LA VIDA ES UN INSTANTE ENTRE DOS ETERNIDADES. Autora: Guadalupe Mendoza Alcocer

La Vida es un Encuentro entre dos Eternidades

… usted continúa enamorada de las emociones”. Doña Guadalupe asiente, dice: – cómo no, nada más de oír a Hugo Avendaño, “siento en el alma unas ganas inmensas de llorar”


La Arquitecta Guadalupe Mendoza Alcocer, nos comparte en esta ocasión un artículo especial de Doña Lupita Morales Chávez, una mujer michoacana, extraordinaria madre de familia que nació y vivió con el siglo XX.


Guadalupe Morales Chávez vio la luz en Quitupan, Michoacán, en 1917, el mismo año en que nació nuestra Carta Magna en Querétaro.

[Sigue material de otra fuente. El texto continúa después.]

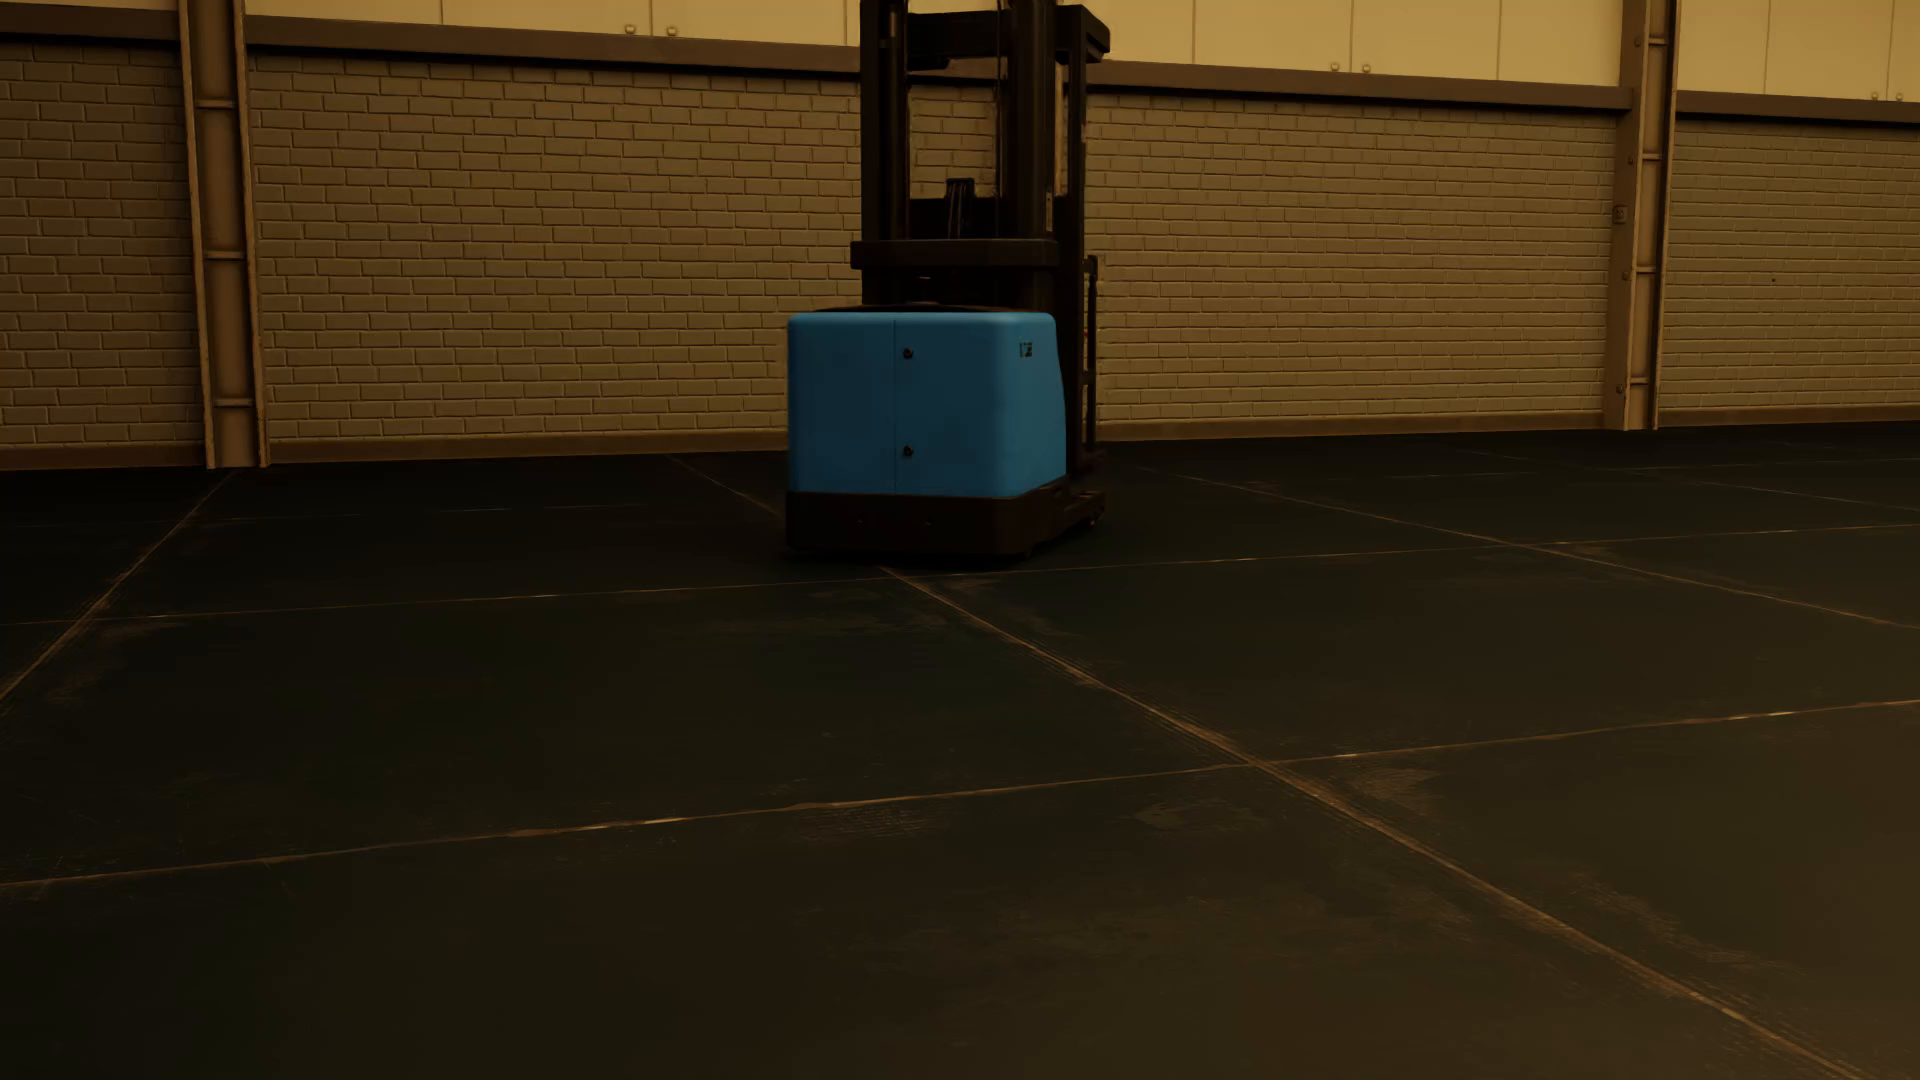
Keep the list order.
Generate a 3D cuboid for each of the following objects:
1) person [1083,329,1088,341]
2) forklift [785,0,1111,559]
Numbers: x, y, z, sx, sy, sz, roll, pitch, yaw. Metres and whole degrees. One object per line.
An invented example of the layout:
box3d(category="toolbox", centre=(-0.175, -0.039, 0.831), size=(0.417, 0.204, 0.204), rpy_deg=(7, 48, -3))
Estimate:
box3d(category="person", centre=(0.389, -1.124, 10.743), size=(0.908, 1.463, 0.726), rpy_deg=(-6, 10, -37))
box3d(category="forklift", centre=(0.127, -1.530, 8.294), size=(1.130, 2.935, 3.031), rpy_deg=(2, 8, 15))
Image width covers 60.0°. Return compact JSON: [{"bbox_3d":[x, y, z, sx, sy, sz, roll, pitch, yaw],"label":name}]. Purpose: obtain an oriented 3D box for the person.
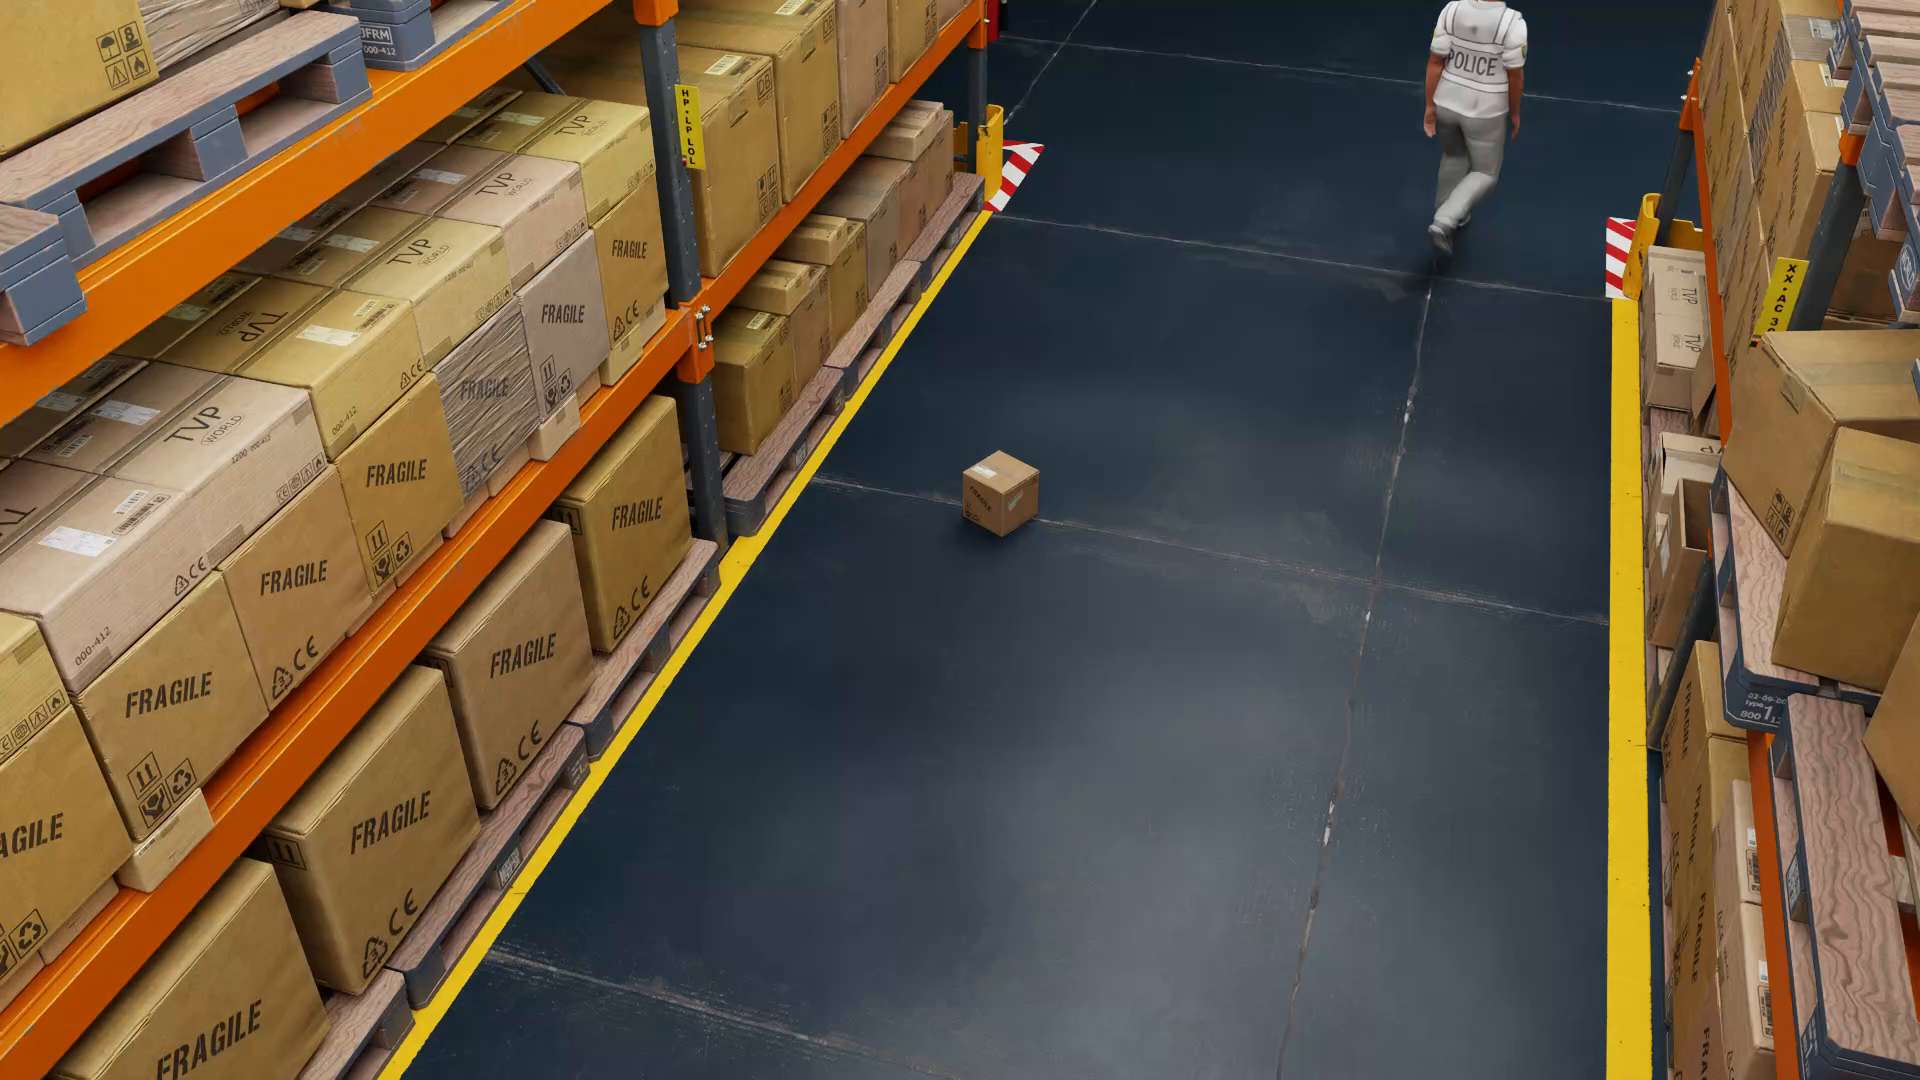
[{"bbox_3d":[2.888,-2.464,9.397,0.523,1.741,0.830,29,45,33],"label":"person"}]
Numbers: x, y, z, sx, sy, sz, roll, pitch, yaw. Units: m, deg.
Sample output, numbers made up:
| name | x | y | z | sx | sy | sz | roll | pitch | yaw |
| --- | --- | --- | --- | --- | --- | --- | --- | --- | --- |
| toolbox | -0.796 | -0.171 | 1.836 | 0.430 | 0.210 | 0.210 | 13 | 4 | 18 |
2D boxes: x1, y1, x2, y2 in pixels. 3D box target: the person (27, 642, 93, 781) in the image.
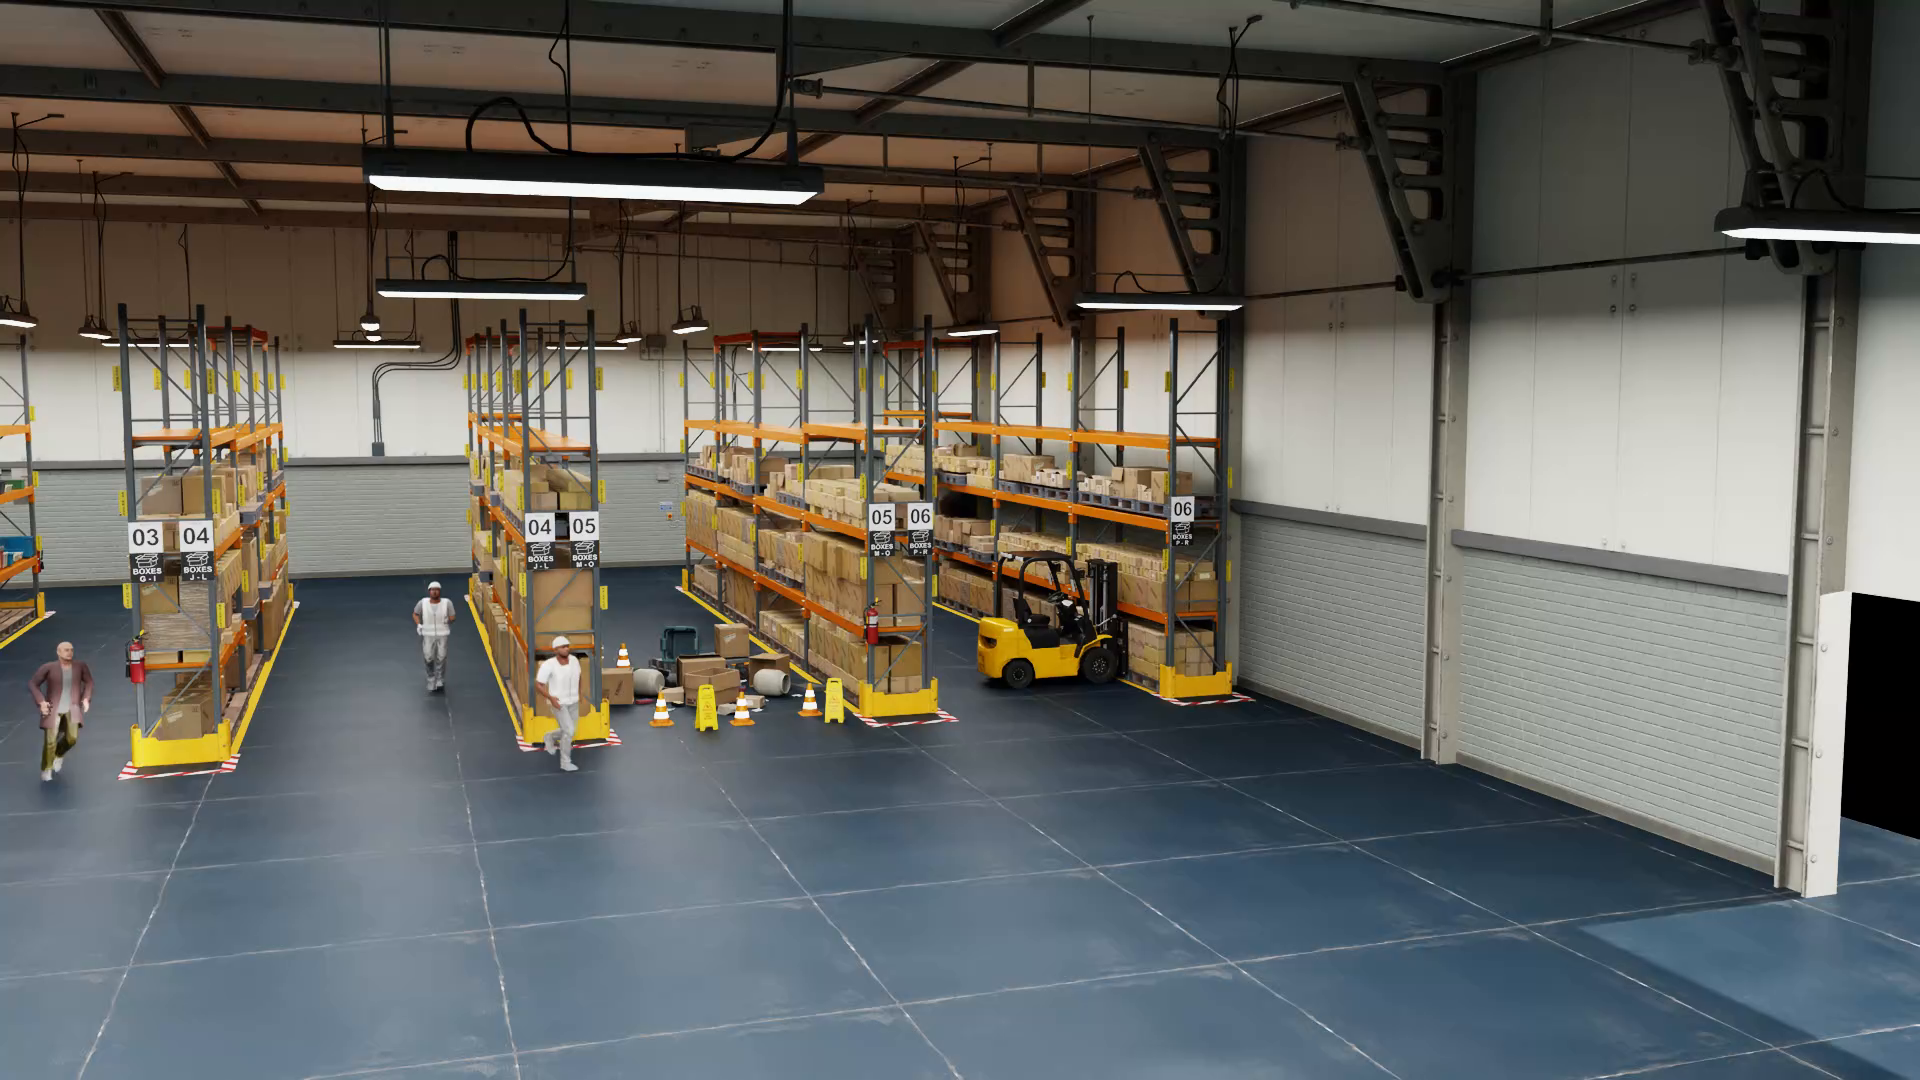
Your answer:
| name | x | y | z | sx | sy | sz | roll | pitch | yaw |
| --- | --- | --- | --- | --- | --- | --- | --- | --- | --- |
| person | -11.382 | 2.161 | 21.124 | 0.770 | 1.728 | 0.561 | -5 | 7 | -40 |

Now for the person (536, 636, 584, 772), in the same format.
| name | x | y | z | sx | sy | sz | roll | pitch | yaw |
| --- | --- | --- | --- | --- | --- | --- | --- | --- | --- |
| person | -5.194 | 2.096 | 21.543 | 0.706 | 1.741 | 0.701 | 4 | 7 | 39 |

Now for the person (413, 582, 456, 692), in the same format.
| name | x | y | z | sx | sy | sz | roll | pitch | yaw |
| --- | --- | --- | --- | --- | --- | --- | --- | --- | --- |
| person | -8.494 | 1.573 | 26.920 | 0.660 | 1.789 | 0.652 | -2 | 6 | -19 |

Murió en la Ciudad de México el 13 de septiembre de 2018. Se puede hablar de ella como una mujer ejemplar del siglo XX, mujer que afrontó los retos de sacar adelante una familia de cinco hijos todos universitarios, a cual más sobresaliente en su área, sufragando los gastos familiares con su trabajo de enfermera. Su perfil de mujer mexicana de provincia que emigró de su pueblo natal a la capital huyendo del Movimiento Cristero, nos permite pensar en un sinnúmero de mujeres a las que Guadalupe representa.

De la apasionante vida de Doña Guadalupe se tuvo conocimiento a través de sus hijos y amigos de familia, en su vida se entretejió el bolero como una fortaleza que la ha acompañado siempre. La vida de trabajo de Guadalupe Morales, que se adivinaba llena de matices, llevó a la directora de la revista electrónica MEC-EDUPAZ, doctora Graciela Mota Botello de la UNAM, (actual presidenta del Icomos mexicano) a realizar una entrevista a Doña Lupita para registrar su testimonio de vida tan vinculado con la Cultura Mexicana de nuestro tiempo, y así al cumplirse los 98 años de la entrevistada dejar esa marca de vida de una mujer que aún conservaba plenamente la lucidez.

A Doña Lupita le tocó ver y juzgar, con sentido crítico, a los últimos 21 presidentes de México, 21 abanderados de seis partidos diferentes que según ella “no han sido capaces de impulsar a nuestro país a un desarrollo definitivo”.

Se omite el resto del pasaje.